The Beths: 'We're going hard this year'
After a busy year performing a "half-hour of power" at international music festivals, Auckland indie band The Beths spent the summer back home mixing their upcoming album.
Their music has made Obama's summer playlist, they've played Coachella and next week will rock the main stage at WOMAD Aotearoa.
The Beths' lead vocalist Liz Stokes and guitarist John Pierce chat to Saturday Morning about delivering "a half-hour of power" at international music festivals, their "nerve-wracking" Coachella experience and an exciting year ahead.
The Beths really enjoy touring around, Stokes said, which lately had been mostly to play short sets at international music festivals.
"You get slick pretty quickly because you're thrown into a pretty high-pressure situation.
"We try to do 'a half-hour of power' and just play the most hard-hitting, compelling version of our setlist."
After playing the same songs so many times, it's nice to be able to "stretch out a little bit" during the performance, Stokes said.
"There's this deep satisfaction that comes from doing something over and over again and getting better at it marginally… in a sports way or like a skill, craft way.
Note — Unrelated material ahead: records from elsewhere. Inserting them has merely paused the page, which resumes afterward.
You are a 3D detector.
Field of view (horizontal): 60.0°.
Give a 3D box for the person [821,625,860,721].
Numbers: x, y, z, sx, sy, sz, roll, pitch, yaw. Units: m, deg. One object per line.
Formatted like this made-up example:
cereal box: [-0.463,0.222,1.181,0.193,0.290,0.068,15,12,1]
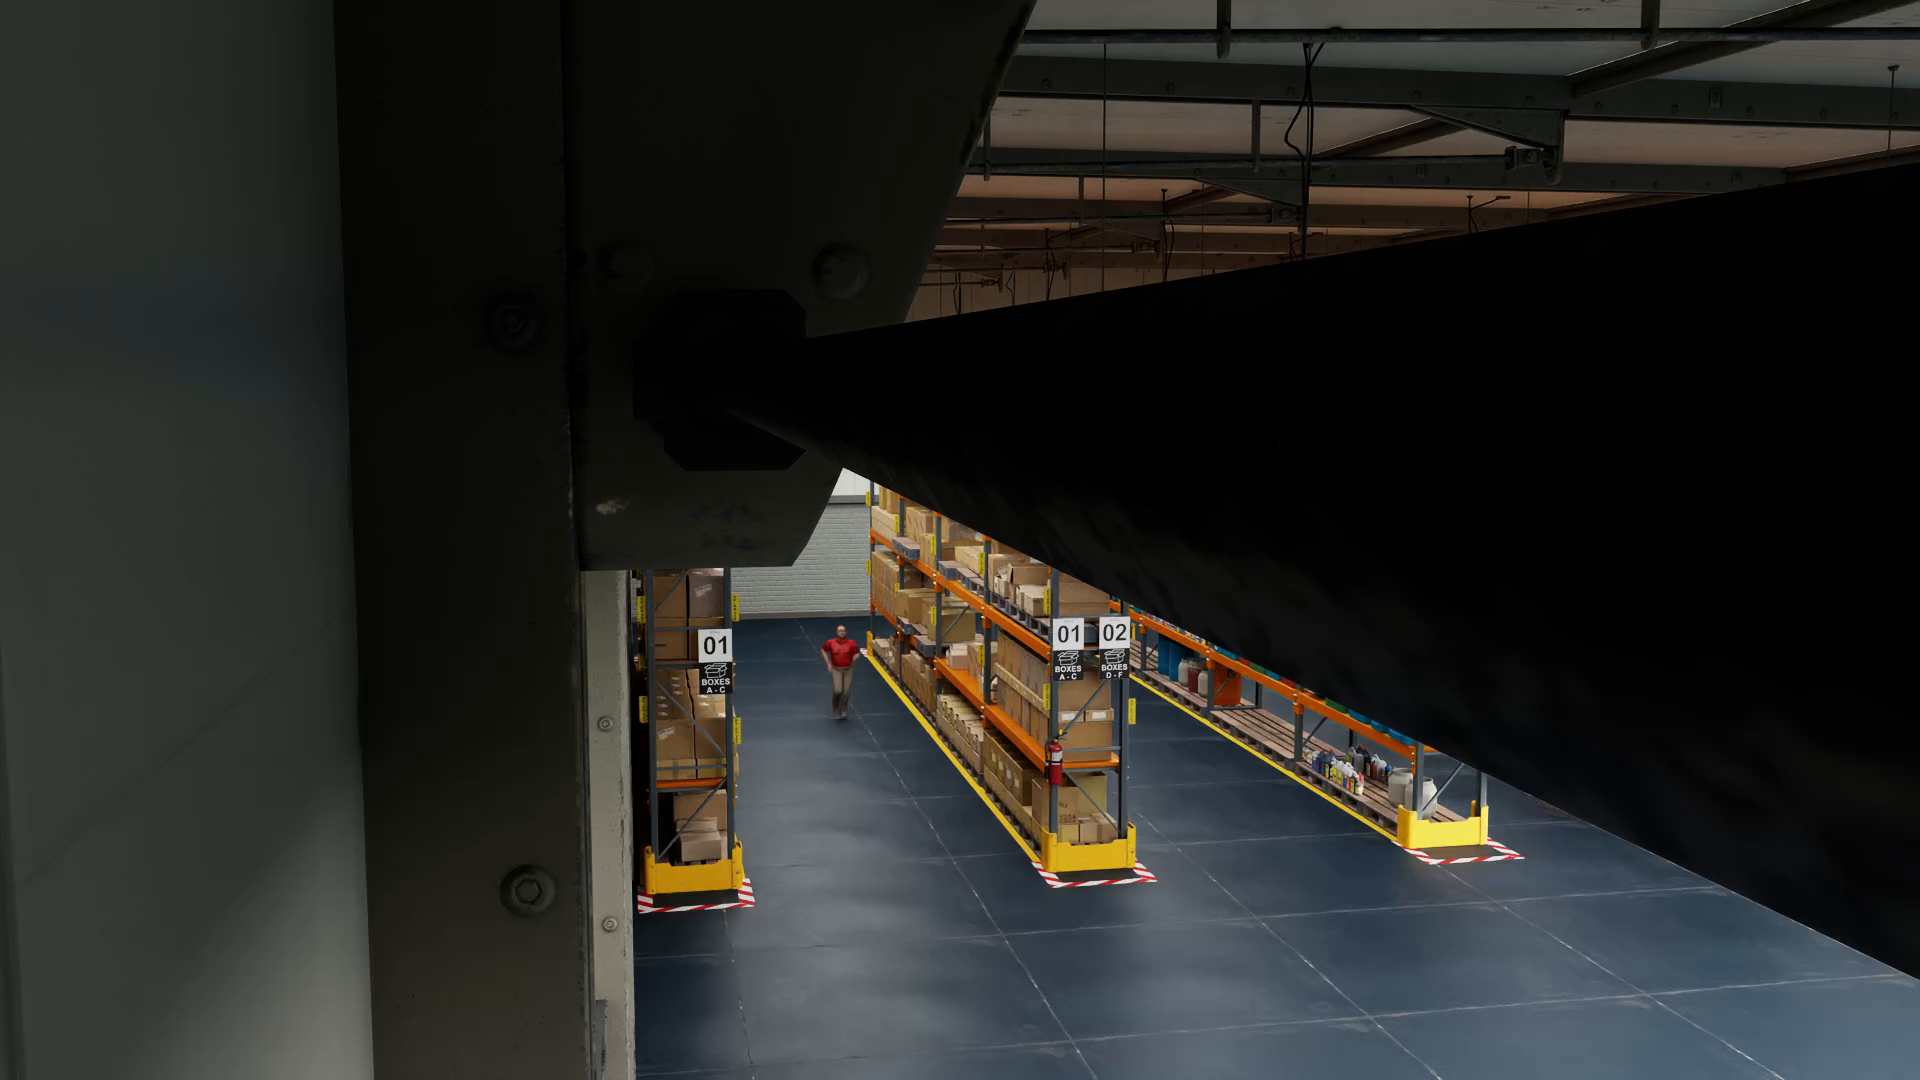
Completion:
person: [-2.116,2.390,29.745,0.672,1.728,0.689,-1,6,-10]

"It's like an Olympic sport or something at times where you're just trying to eke out that last centimetre of your toe on the line or something like that," Pierce added.
The Beths won the 2023 APRA Silver Scroll Award for their song 'Expert in a Dying Field'.
RNZ
This past summer The Beths had been in a "windowless studio" mixing their next album, which was due out later in the year and would be accompanied by "lots of exciting announcements", Pierce promised.
"We're going hard this year."
To Stokes, the songs she wrote for the upcoming album - which together represent "a collage of her last couple of years" - sounded "a lot less optimistic" than previous Beths' records.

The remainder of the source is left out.